Four months after Johnson & Johnson spent $3bn to acquire the private US biotech Halda Therapeutics, the target company’s second pipeline asset is entering its first-in-human study. That project, HLD-0117, hits the estrogen receptor, and like Halda’s lead, the androgen receptor-targeting HLD-0915, it uses a novel modality that Halda christened "Riptac".
The phase 1 start has been revealed in the latest new listings on the clinicaltrials.gov registry, which also disclose a new clinical player in pan-mutant PI3Kα inhibition, as well as yet another Steap2-targeting asset from AstraZeneca; Astra’s latest move means that this company is now developing anti-Steap2 projects across five distinct approaches.
Halda’s Riptac (regulated induced proximity targeting chimera) approach involves the simultaneous binding of a tumour-specific antigen – ER in the case of HLD-0117 – and a protein with an essential function for cell survival, with the resulting formation of a complex that disrupts the essential protein and triggers tumour cell death.
Evidently J&J was sufficiently sold on this approach by early human data from HLD-0915’s prostate cancer trial last October to buy Halda for $3.05bn a month later. Now it’s setting out to show that HLD-0117 can repeat the Riptac trick, this time in HER2-negative breast cancer; ER-targeting Riptacs featured in a preclinical presentation at last year’s San Antonio Breast Cancer Symposium.
Steap2
Astra has emerged as a key player in Steap2, a target with a role in prostate cancer, and until now had four relevant assets: the ADC AZD0516, the Car-T therapy AZD0754, the radiopharmaceutical AZD2284, and the T-cell engager AZD6621.
To these it’s now adding another T-cell engager, AZD8359, which started its phase 1 Crius-1 study earlier this month. AZD6621 and AZD8359 are both T-cell engagers, but they have a key difference; the former uses a multispecific format Astra calls the “TED4 design”, using CD8 guiding as well as an affinity-optimised CD3-binding domain to anchor to T cells.
Meanwhile, AZD8359 uses Astra’s “Titan” technology, whereby CD8-guiding is combined with a TCR-targeting domain, and CD3 is avoided, thereby preventing activation of T regulatory cells. An AACR poster this month disclosed that AZD8359 has two Steap2-targeting arms.
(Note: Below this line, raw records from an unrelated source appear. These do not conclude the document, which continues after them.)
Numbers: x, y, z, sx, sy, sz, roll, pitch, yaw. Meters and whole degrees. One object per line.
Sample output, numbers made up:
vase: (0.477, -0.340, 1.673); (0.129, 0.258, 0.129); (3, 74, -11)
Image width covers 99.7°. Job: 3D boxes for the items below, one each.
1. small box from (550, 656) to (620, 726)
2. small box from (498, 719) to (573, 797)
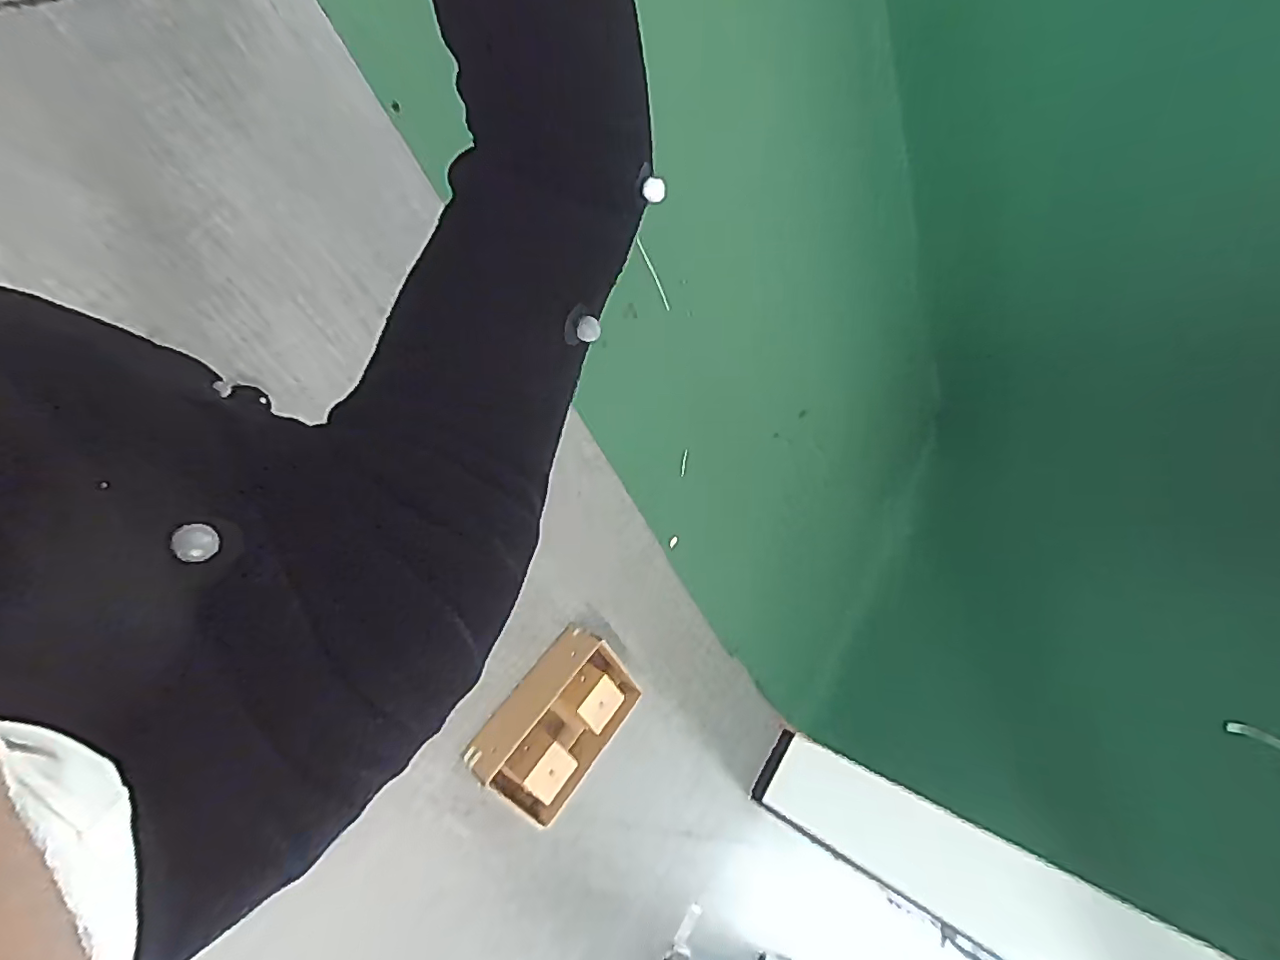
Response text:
small box: (-0.217, 0.810, 2.099); (0.168, 0.176, 0.179); (-48, 128, -26)
small box: (-0.384, 1.003, 1.972); (0.168, 0.176, 0.179); (-47, 127, -27)
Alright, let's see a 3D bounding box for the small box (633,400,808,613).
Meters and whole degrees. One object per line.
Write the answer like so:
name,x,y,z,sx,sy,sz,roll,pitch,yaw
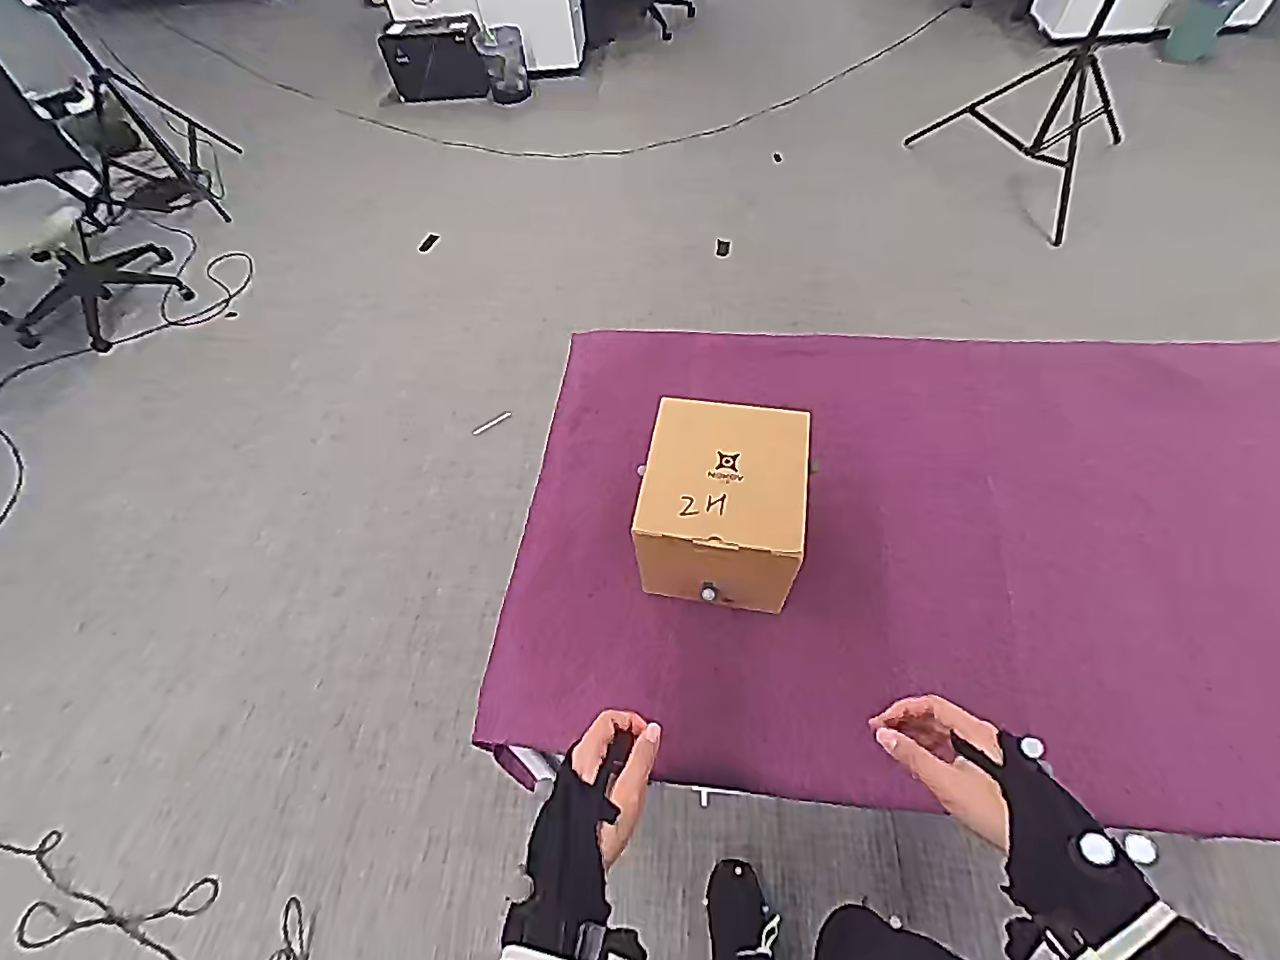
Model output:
small box,0.093,0.033,0.631,0.168,0.176,0.179,7,58,10

Recently disclosed first-in-human studies*
Elsewhere, interest in pan-mutant PI3Kα inhibition has been driven by takeovers of Synnovation by Novartis, and of Scorpion by Lilly. Now Regor is entering the clinic with its shot at this mechanism, RGT-490; Regor is best known as the originator of a portfolio of CDK4 inhibitors that was licensed to Roche for $850m up front.
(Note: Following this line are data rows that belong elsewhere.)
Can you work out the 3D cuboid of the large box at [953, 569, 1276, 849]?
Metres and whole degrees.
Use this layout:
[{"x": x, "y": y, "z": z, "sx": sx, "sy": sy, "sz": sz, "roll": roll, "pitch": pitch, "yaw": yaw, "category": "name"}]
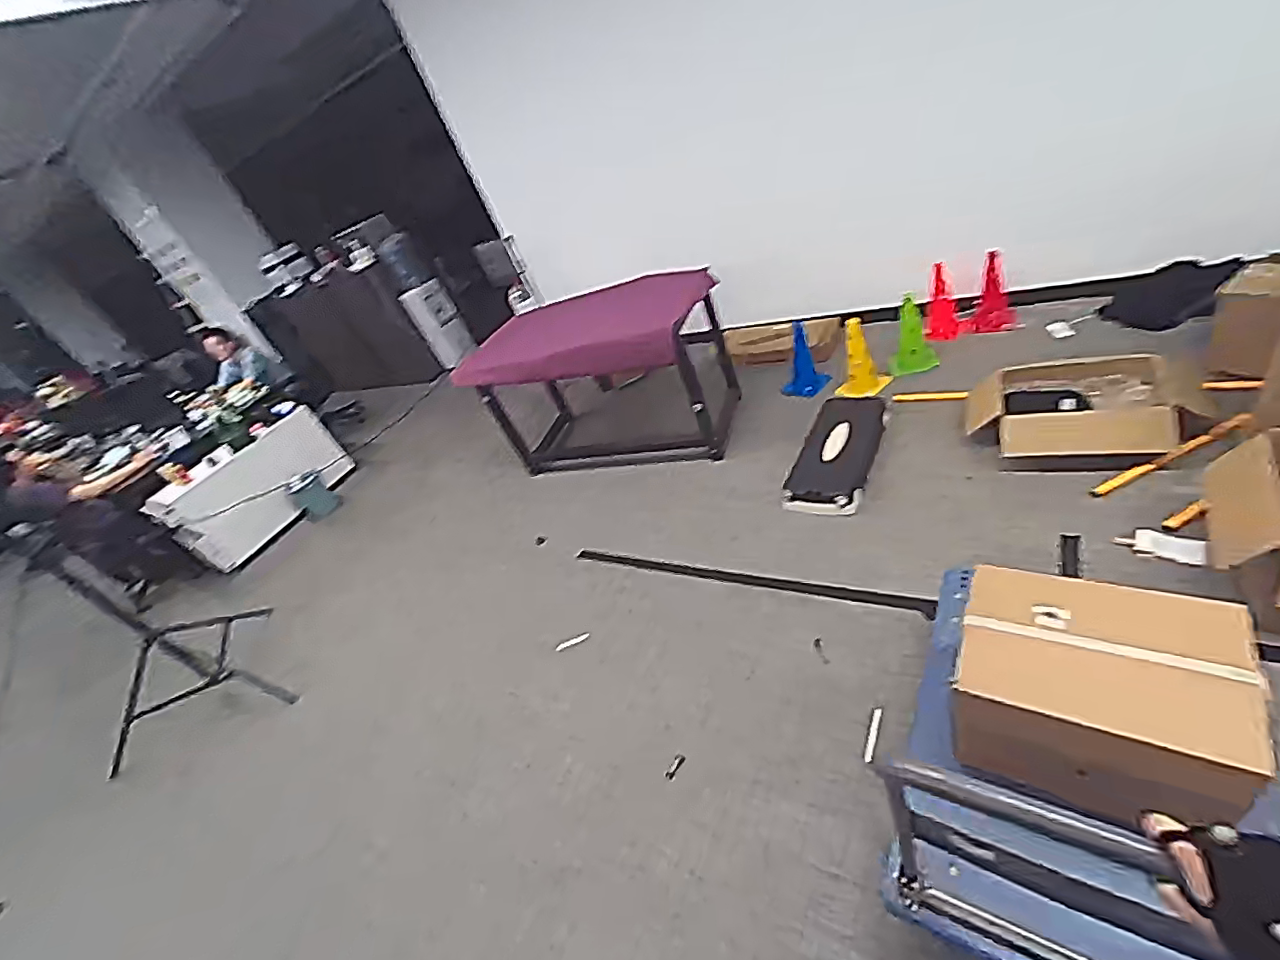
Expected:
[{"x": 0.862, "y": 0.414, "z": 1.041, "sx": 0.408, "sy": 0.320, "sz": 0.320, "roll": 5, "pitch": 43, "yaw": 38, "category": "large box"}]
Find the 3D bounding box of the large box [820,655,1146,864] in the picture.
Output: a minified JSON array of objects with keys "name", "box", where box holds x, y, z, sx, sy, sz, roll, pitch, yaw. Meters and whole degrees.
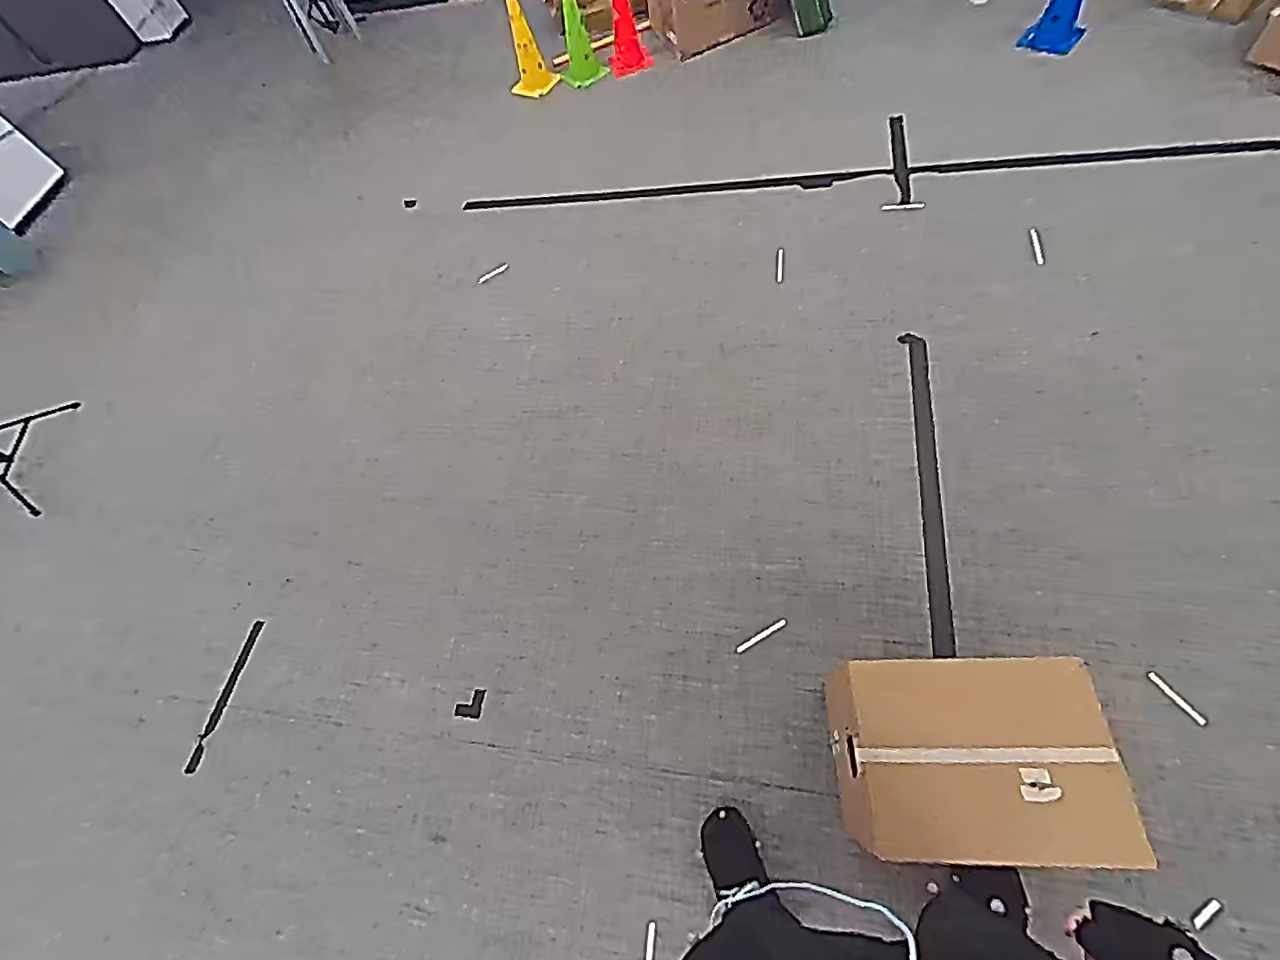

With Lilly recently prioritising one of its two anti-Nectin-4 ADCs, the entry of yet another player into this space, Samsung Bioepis’s SBE303, is of interest. So is the start of a phase 1 trial of the LSD1 inhibitor REC-4539, which is the result of the takeover by Recursion of Exscientia in November 2024.
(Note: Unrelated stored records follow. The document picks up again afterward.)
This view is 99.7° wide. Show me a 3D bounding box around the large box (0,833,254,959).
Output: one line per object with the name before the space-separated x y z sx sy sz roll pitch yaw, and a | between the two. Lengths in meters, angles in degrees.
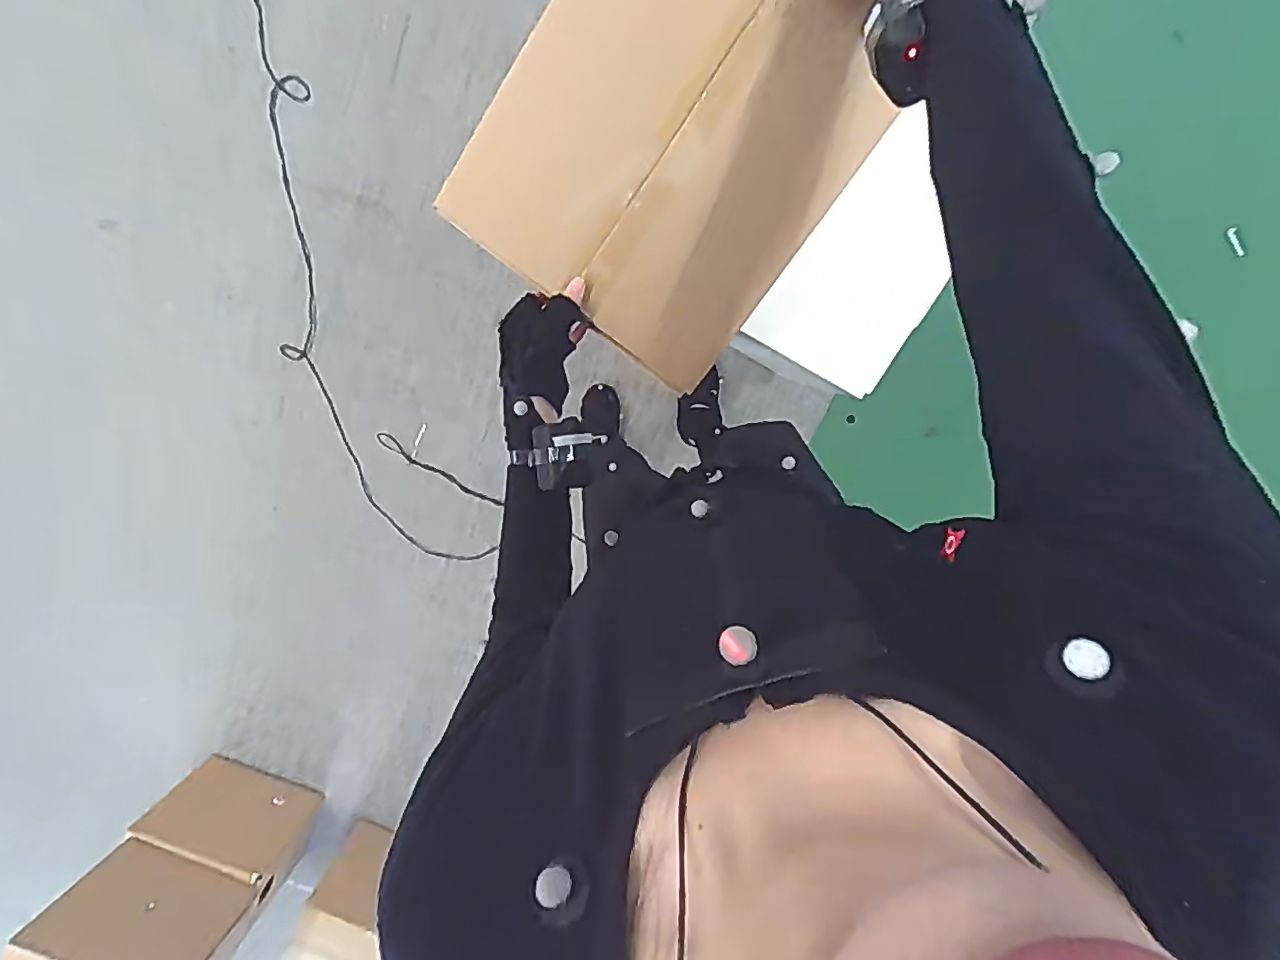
large box | -1.355 1.238 1.427 0.408 0.320 0.320 25 99 -4
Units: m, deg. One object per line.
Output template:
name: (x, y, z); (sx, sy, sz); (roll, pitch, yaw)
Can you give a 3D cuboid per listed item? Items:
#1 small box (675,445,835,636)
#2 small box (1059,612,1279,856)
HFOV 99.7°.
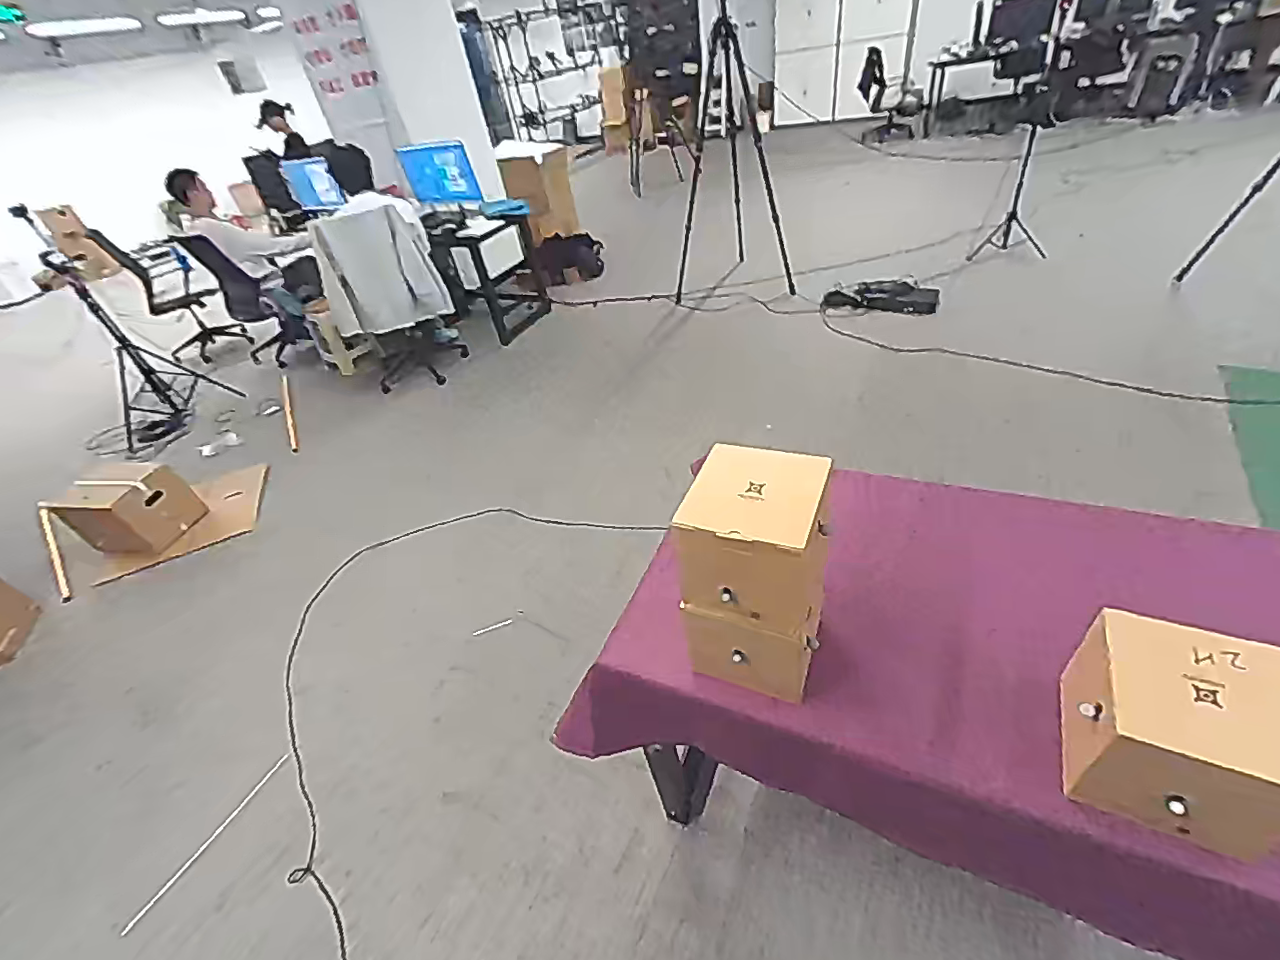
small box: (0.161, 0.079, 0.743); (0.168, 0.176, 0.179); (10, 44, 25)
small box: (0.617, 0.293, 0.632); (0.168, 0.176, 0.179); (13, 45, 27)

And the private US biotech Eilean Therapeutics is advancing two new molecules into the clinic: a CDK2 inhibitor (at least one of the Roche/Regor assets also has activity at CDK2), and a JAK2 V617F inhibitor. In the latter mechanism Incyte is a key player, with an in-house molecule, INCB160058, as well an an option over Prelude’s PRT12396.